Dicas finais para a sucessão em empresas familiares
Depois de tantos processos vividos com clientes, reuni recomendações que têm feito a diferença:
- Busque sempre o diálogo. Transparência entre fundadores, herdeiros e sócios evita conflitos futuros.
- Formalize decisões. Tudo que ficar apenas “acordado verbalmente” estará vulnerável a dúvidas ou disputas futuras.
- Considere consultoria especializada. Uma visão externa, imparcial e técnica muitas vezes aponta caminhos que as famílias não percebem.
- Revise documentos periodicamente. O que foi pensado há cinco anos pode não fazer sentido hoje.
- Evite a pressa. Sucessão é um processo, e não um evento pontual.
Compartilho esses ensinamentos e muitos outros conteúdos práticos no Victor Hugo Abreu, sempre integrando diferentes áreas do direito e da contabilidade para ajudar negócios familiares a se fortalecerem no presente e no futuro.
Conclusão
Planejar a sucessão em empresas familiares em 2026 exige conhecimento técnico, empatia e uma base jurídica sólida. Na minha rotina, vejo que o segredo está em iniciar o processo antes de ser necessário, investir nas competências da próxima geração e formalizar as decisões, alinhando interesses familiares e do negócio. O conteúdo do Victor Hugo Abreu tem esse propósito: trazer conhecimento claro e aplicável para que empresários e profissionais possam tomar decisões seguras e fortalecer suas empresas familiares.
Se quiser entender como personalizar um plano para o seu negócio ou discutir detalhes da sucessão familiar, entre em contato comigo. Serei parceiro da sua jornada de crescimento e continuidade!
Perguntas frequentes sobre sucessão em empresas familiares
O que é sucessão em empresas familiares?
Sucessão em empresas familiares é o conjunto de ações e planejamento para transferir a gestão e o controle da empresa para a próxima geração. Envolve questões jurídicas, societárias, tributárias e emocionais. O objetivo é garantir que o legado continue, evitando conflitos e perdas patrimoniais ou de mercado durante a transição.
Como preparar a próxima geração para assumir?
Eu sempre recomendo iniciar cedo, combinando formação técnica com práticas no dia a dia da empresa, incentivos a experiências externas e acompanhamento de performance. O envolvimento em diferentes áreas do negócio e conversas constantes sobre valores e estratégias também são fundamentais para desenvolver líderes prontos para assumir.
Quais são os principais desafios da sucessão?
Os principais desafios são resistência dos fundadores em delegar, conflitos familiares, despreparo dos herdeiros, falhas jurídicas na transferência de patrimônio, e questões tributárias. Planejar de forma antecipada e estruturada é o melhor caminho para minimizar esses problemas.
Quando iniciar o planejamento sucessório?

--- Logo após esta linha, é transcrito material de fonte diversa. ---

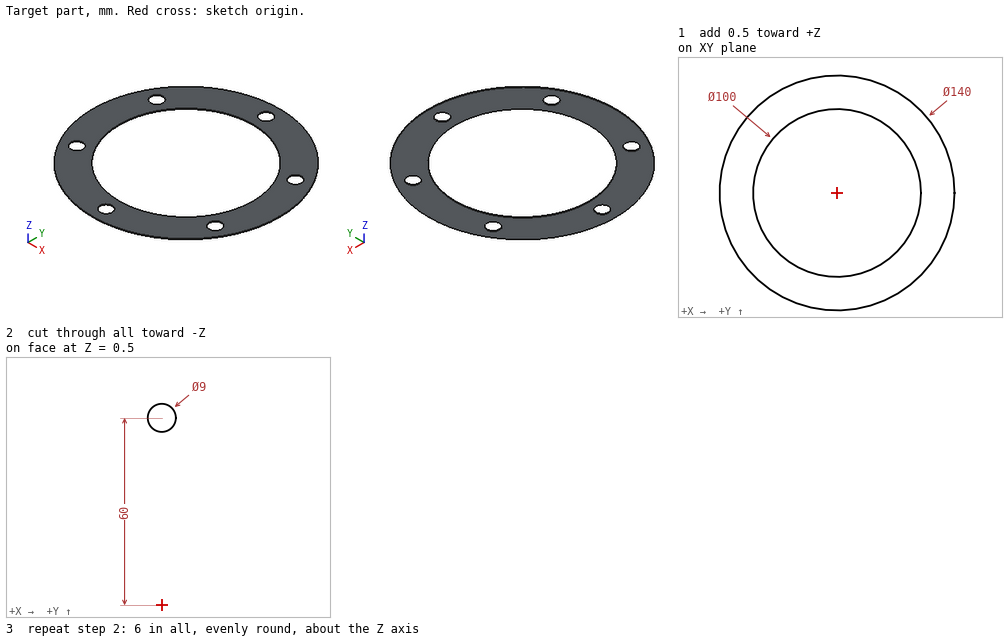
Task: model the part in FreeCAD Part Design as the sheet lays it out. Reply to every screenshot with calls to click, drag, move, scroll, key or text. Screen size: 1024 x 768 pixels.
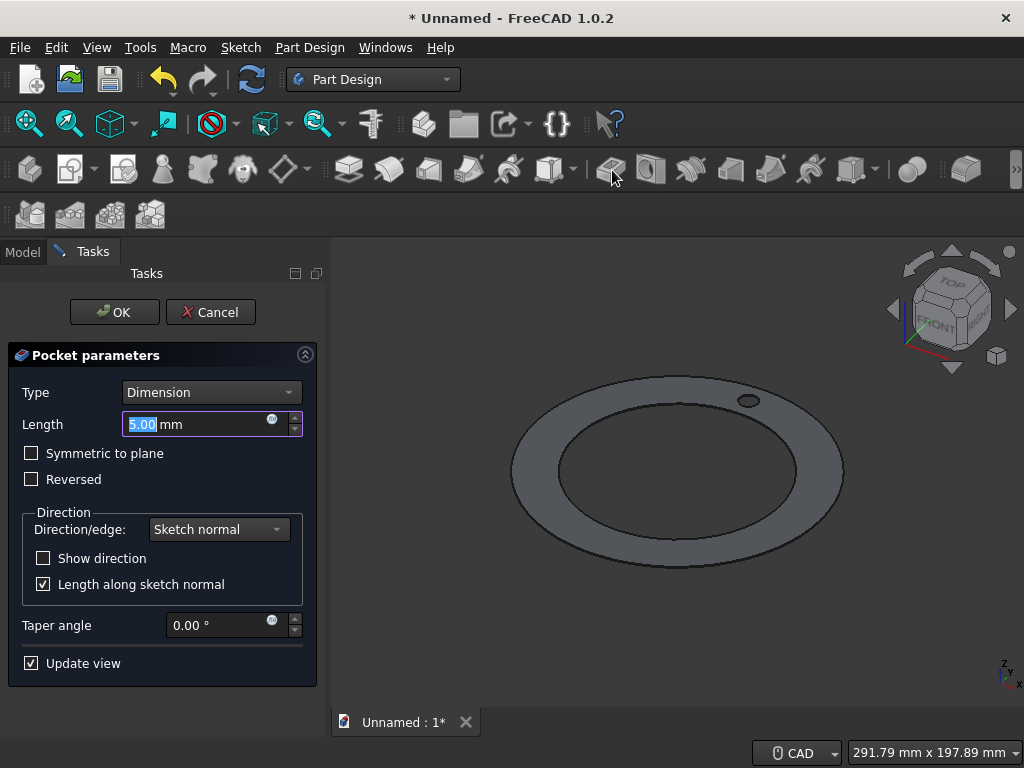
click(212, 392)

O ideal é começar o planejamento sucessório o quanto antes, preferencialmente quando a empresa está passando por estabilidade e crescimento. Isso permite tempo para preparar sucessores e estruturar a transição sem pressa ou pressão.
Vale a pena contratar consultoria para sucessão?
Sim, contratar consultoria pode ser decisivo para trazer isenção, conhecimento técnico e experiência tanto em direito quanto em contabilidade. Profissionais qualificados ajudam a identificar riscos, propor soluções e garantir que tudo seja feito de acordo com a legislação e os interesses da família e da empresa.